This notebook converts the raw TIMIT corpus (as represented in Huggingface `timit_asr`) into a format friendly for our modeling and analysis.

Our specific modifications to the annotation include
- mapping from TIMIT phonetic annotation into a CMUDICT phonemic annotation (available in item key `phonemic_detail`; `word_phonemic_detail` grouped by words)
- syllable annotation (available in item key `word_syllable_detail`)

Processes in this notebook
- run the conversion
- cross-check resulting lexical mappings with cmudict representation
- make sure we don't have overlapping phonemes
- visually check some waveforms and make sure they make sense
- check syllable annotations, pay attention to how syllabic consonants represented especially. there are a lot of these in the timit annotations and we are removing the evidence before syllabification

In [None]:
from collections import Counter, defaultdict
import logging
from pprint import pprint

import matplotlib.pyplot as plt
import seaborn as sns
import pandas as pd
import numpy as np

import datasets
import transformers
from tqdm.auto import tqdm, trange

logging.basicConfig(level=logging.INFO)

In [None]:
base_dir = "/userdata/jgauthier/projects/ideal-word-representations"

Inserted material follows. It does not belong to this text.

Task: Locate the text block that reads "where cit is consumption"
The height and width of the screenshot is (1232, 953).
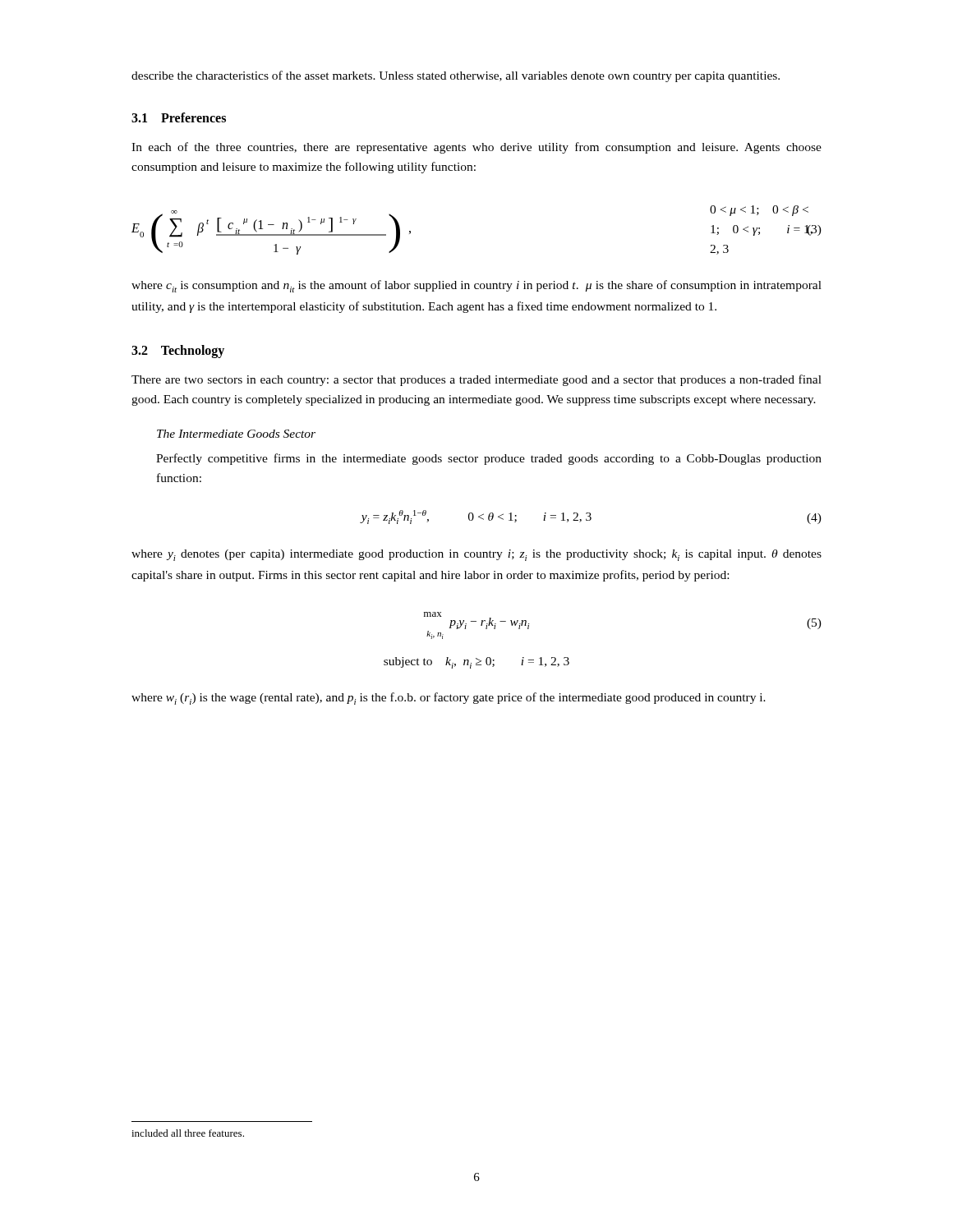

# input Huggingface-format `timit_asr` dataset, with train/test split
dataset_path = "data/timit_raw"

out_path = "data/timit_syllables"

model_name = "facebook/wav2vec2-base"

drop_timit_phones = ["h#", "pau", "epi"]
drop_cmudict_phonemes = ["[SIL]"]

In [None]:
cd {base_dir}

In [None]:
sns.set_theme(style="whitegrid", font_scale=2)

In [None]:
datasets.disable_caching()

In [None]:
%load_ext autoreload
%autoreload 2

In [None]:
from src.utils import timit

In [None]:
tokenizer = transformers.Wav2Vec2Tokenizer.from_pretrained("charsiu/tokenizer_en_cmu")
feature_extractor = transformers.Wav2Vec2FeatureExtractor(feature_size=1, sampling_rate=16000, padding_value=0.0, do_normalize=True, return_attention_mask=False)
processor = transformers.Wav2Vec2Processor(feature_extractor=feature_extractor, tokenizer=tokenizer)

In [None]:
raw_corpus = datasets.load_dataset(dataset_path)

In [None]:
# Tools for introspecting on raw/resulting annotations, if necessary

log_item = 25

# list(zip(raw_corpus["train"][log_item]["phonetic_detail"]["utterance"],
#          raw_corpus["train"][log_item]["phonetic_detail"]["start"],
#             raw_corpus["train"][log_item]["phonetic_detail"]["stop"]))

# list(zip(raw_corpus["train"][log_item]["word_detail"]["utterance"],
#             raw_corpus["train"][log_item]["word_detail"]["start"],
#                 raw_corpus["train"][log_item]["word_detail"]["stop"]))

# list(zip(corpus[log_item]["phonemic_detail"]["utterance"],
#          corpus[log_item]["phonemic_detail"]["start"],
#             corpus[log_item]["phonemic_detail"]["stop"]))

In [None]:
# Mark original indices in each item, then concatenate into a single dataset
def mark_item_indices(item, idx, split=None):
    item["original_idx"] = idx
    item["original_split"] = split
raw_corpus["train"] = raw_corpus["train"].map(mark_item_indices, with_indices=True, fn_kwargs=dict(split="train"))
raw_corpus["test"] = raw_corpus["test"].map(mark_item_indices, with_indices=True, fn_kwargs=dict(split="test"))
corpus = datasets.concatenate_datasets([raw_corpus["train"], raw_corpus["test"]])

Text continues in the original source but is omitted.